The Department of Labor (“DOL”) recently provided guidance as to: (1) when a worker is an independent contractor vs. employee; and (2) when an employee has “joint” employers. Understanding these distinctions is essential in every business; employers need to know when their company becomes accountable for violations of employment laws, including the Fair Labor Standards Act (“FLSA”) and state law equivalents governing the payment of wages and overtime.

Independent Contractor vs. Employee

In order for the FLSA’s minimum wage and overtime provisions to apply to a worker, the worker must be an “employee,” broadly defined to include to “suffer or permit to work.” Generally speaking, employees are economically dependent on the business of the employer, while independent contractors are workers with economic independence in business for themselves.

The DOL has identified several “economic realities” as factors to help establish a baseline determination of when an employment relationship is created, including: (1) the extent to which the work performed is an integral part of the employer’s business; (2) whether the worker’s managerial skills affect his or her opportunity for profit and loss; (3) the relative investments in facilities and equipment by the worker and the employer; (4) the worker’s skill and initiative; (5) the permanency of the worker’s relationship with the employer; and (6) the nature and degree of control by the employer. The Supreme Court has indicated that no single factor is determinative here.  Moreover, it is the nature of the relationship, and not how the relationship is defined in any employment contract, that is the true determinant.

Joint Employers

The DOL has also weighed in on who constitutes an “employer.” Increasingly, business models and labor arrangements result in an employee being employed by two or more employers. The DOL has noted that the FLSA defines both employment and joint employment “expansively.”

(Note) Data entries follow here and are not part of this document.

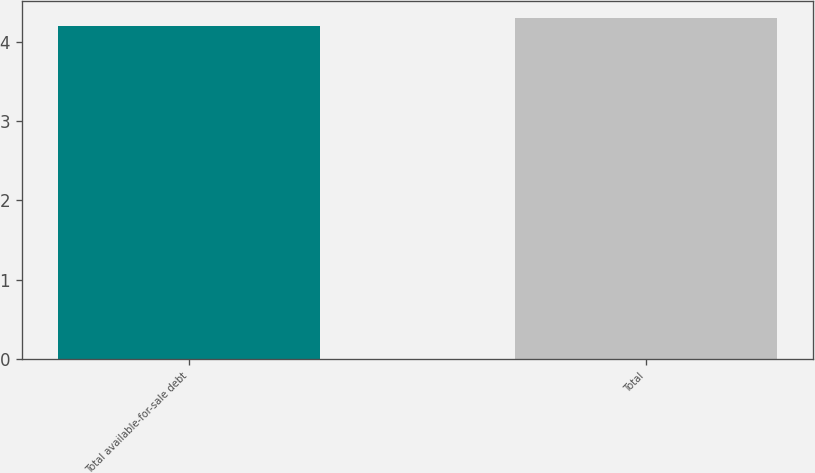Convert chart. <chart><loc_0><loc_0><loc_500><loc_500><bar_chart><fcel>Total available-for-sale debt<fcel>Total<nl><fcel>4.2<fcel>4.3<nl></chart> 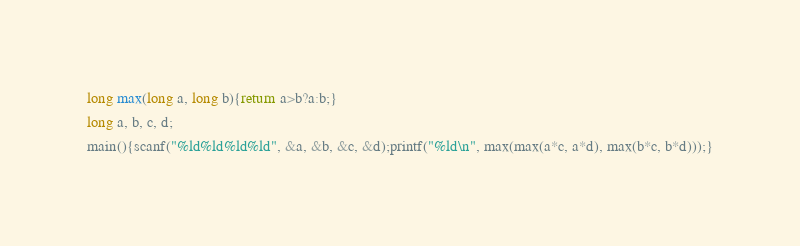Convert code to text. <code><loc_0><loc_0><loc_500><loc_500><_C_>long max(long a, long b){return a>b?a:b;}
long a, b, c, d;
main(){scanf("%ld%ld%ld%ld", &a, &b, &c, &d);printf("%ld\n", max(max(a*c, a*d), max(b*c, b*d)));}</code> 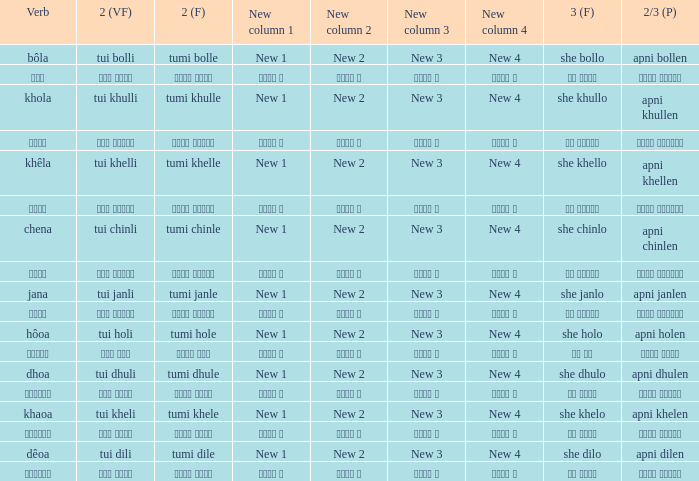Write the full table. {'header': ['Verb', '2 (VF)', '2 (F)', 'New column 1', 'New column 2', 'New column 3', 'New column 4', '3 (F)', '2/3 (P)'], 'rows': [['bôla', 'tui bolli', 'tumi bolle', 'New 1', 'New 2', 'New 3', 'New 4', 'she bollo', 'apni bollen'], ['বলা', 'তুই বললি', 'তুমি বললে', 'নতুন ১', 'নতুন ২', 'নতুন ৩', 'নতুন ৪', 'সে বললো', 'আপনি বললেন'], ['khola', 'tui khulli', 'tumi khulle', 'New 1', 'New 2', 'New 3', 'New 4', 'she khullo', 'apni khullen'], ['খোলা', 'তুই খুললি', 'তুমি খুললে', 'নতুন ১', 'নতুন ২', 'নতুন ৩', 'নতুন ৪', 'সে খুললো', 'আপনি খুললেন'], ['khêla', 'tui khelli', 'tumi khelle', 'New 1', 'New 2', 'New 3', 'New 4', 'she khello', 'apni khellen'], ['খেলে', 'তুই খেললি', 'তুমি খেললে', 'নতুন ১', 'নতুন ২', 'নতুন ৩', 'নতুন ৪', 'সে খেললো', 'আপনি খেললেন'], ['chena', 'tui chinli', 'tumi chinle', 'New 1', 'New 2', 'New 3', 'New 4', 'she chinlo', 'apni chinlen'], ['চেনা', 'তুই চিনলি', 'তুমি চিনলে', 'নতুন ১', 'নতুন ২', 'নতুন ৩', 'নতুন ৪', 'সে চিনলো', 'আপনি চিনলেন'], ['jana', 'tui janli', 'tumi janle', 'New 1', 'New 2', 'New 3', 'New 4', 'she janlo', 'apni janlen'], ['জানা', 'তুই জানলি', 'তুমি জানলে', 'নতুন ১', 'নতুন ২', 'নতুন ৩', 'নতুন ৪', 'সে জানলে', 'আপনি জানলেন'], ['hôoa', 'tui holi', 'tumi hole', 'New 1', 'New 2', 'New 3', 'New 4', 'she holo', 'apni holen'], ['হওয়া', 'তুই হলি', 'তুমি হলে', 'নতুন ১', 'নতুন ২', 'নতুন ৩', 'নতুন ৪', 'সে হল', 'আপনি হলেন'], ['dhoa', 'tui dhuli', 'tumi dhule', 'New 1', 'New 2', 'New 3', 'New 4', 'she dhulo', 'apni dhulen'], ['ধোওয়া', 'তুই ধুলি', 'তুমি ধুলে', 'নতুন ১', 'নতুন ২', 'নতুন ৩', 'নতুন ৪', 'সে ধুলো', 'আপনি ধুলেন'], ['khaoa', 'tui kheli', 'tumi khele', 'New 1', 'New 2', 'New 3', 'New 4', 'she khelo', 'apni khelen'], ['খাওয়া', 'তুই খেলি', 'তুমি খেলে', 'নতুন ১', 'নতুন ২', 'নতুন ৩', 'নতুন ৪', 'সে খেলো', 'আপনি খেলেন'], ['dêoa', 'tui dili', 'tumi dile', 'New 1', 'New 2', 'New 3', 'New 4', 'she dilo', 'apni dilen'], ['দেওয়া', 'তুই দিলি', 'তুমি দিলে', 'নতুন ১', 'নতুন ২', 'নতুন ৩', 'নতুন ৪', 'সে দিলো', 'আপনি দিলেন']]} What is the 3rd for the 2nd Tui Dhuli? She dhulo. 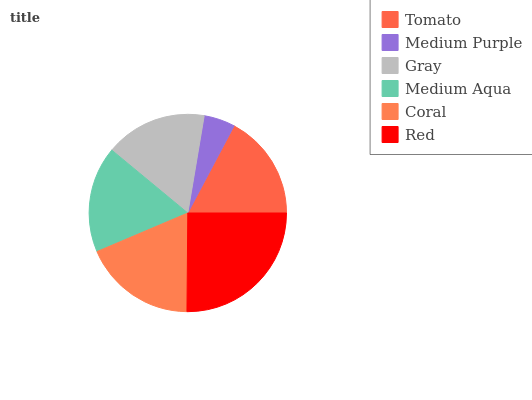Is Medium Purple the minimum?
Answer yes or no. Yes. Is Red the maximum?
Answer yes or no. Yes. Is Gray the minimum?
Answer yes or no. No. Is Gray the maximum?
Answer yes or no. No. Is Gray greater than Medium Purple?
Answer yes or no. Yes. Is Medium Purple less than Gray?
Answer yes or no. Yes. Is Medium Purple greater than Gray?
Answer yes or no. No. Is Gray less than Medium Purple?
Answer yes or no. No. Is Medium Aqua the high median?
Answer yes or no. Yes. Is Tomato the low median?
Answer yes or no. Yes. Is Gray the high median?
Answer yes or no. No. Is Coral the low median?
Answer yes or no. No. 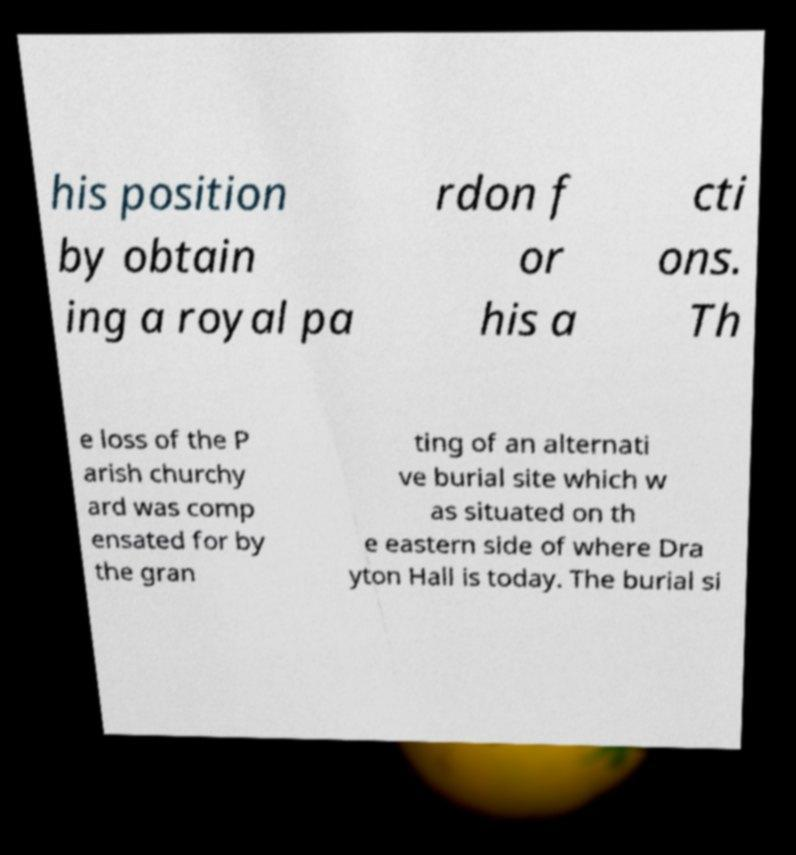There's text embedded in this image that I need extracted. Can you transcribe it verbatim? his position by obtain ing a royal pa rdon f or his a cti ons. Th e loss of the P arish churchy ard was comp ensated for by the gran ting of an alternati ve burial site which w as situated on th e eastern side of where Dra yton Hall is today. The burial si

Joint employment may exist when two or more employers each separately employ an employee and are sufficiently associated with or related to each other with respect to the employee. A waitress working for two separate restaurants sharing common economic ties is an example. Often the employee will perform separate work or work different hours for each employer. This is referred to as horizontal joint employment.

Joint employment may also exist when an employee of one employer is, with regard to the work performed, economically dependent on another employer. For example, a nurse who works for a staffing agency that is placed at a hospital. In determining whether sufficient dependency exists, courts again consider “economic realities” factors like control of the work performed, employment conditions, permanency of the relationship, and whether the work is integral to the business and performed on its premises. This is referred to as vertical joint employment. Vertical joint employers often share operations.

Industries where some form of joint employment is common include home health care agencies, construction, agriculture, hospitality, and warehousing and logistics.

Employers Should Exercise Caution

Understanding the employee/employer relationship is the first step toward properly managing a workforce. The complexity of the modern economy dictates that careful consideration be given to what used to be a simple analysis. As the push to protect misclassified workers continues, erring on the side of caution and/or consulting an attorney can help your business avoid unnecessary legal liability.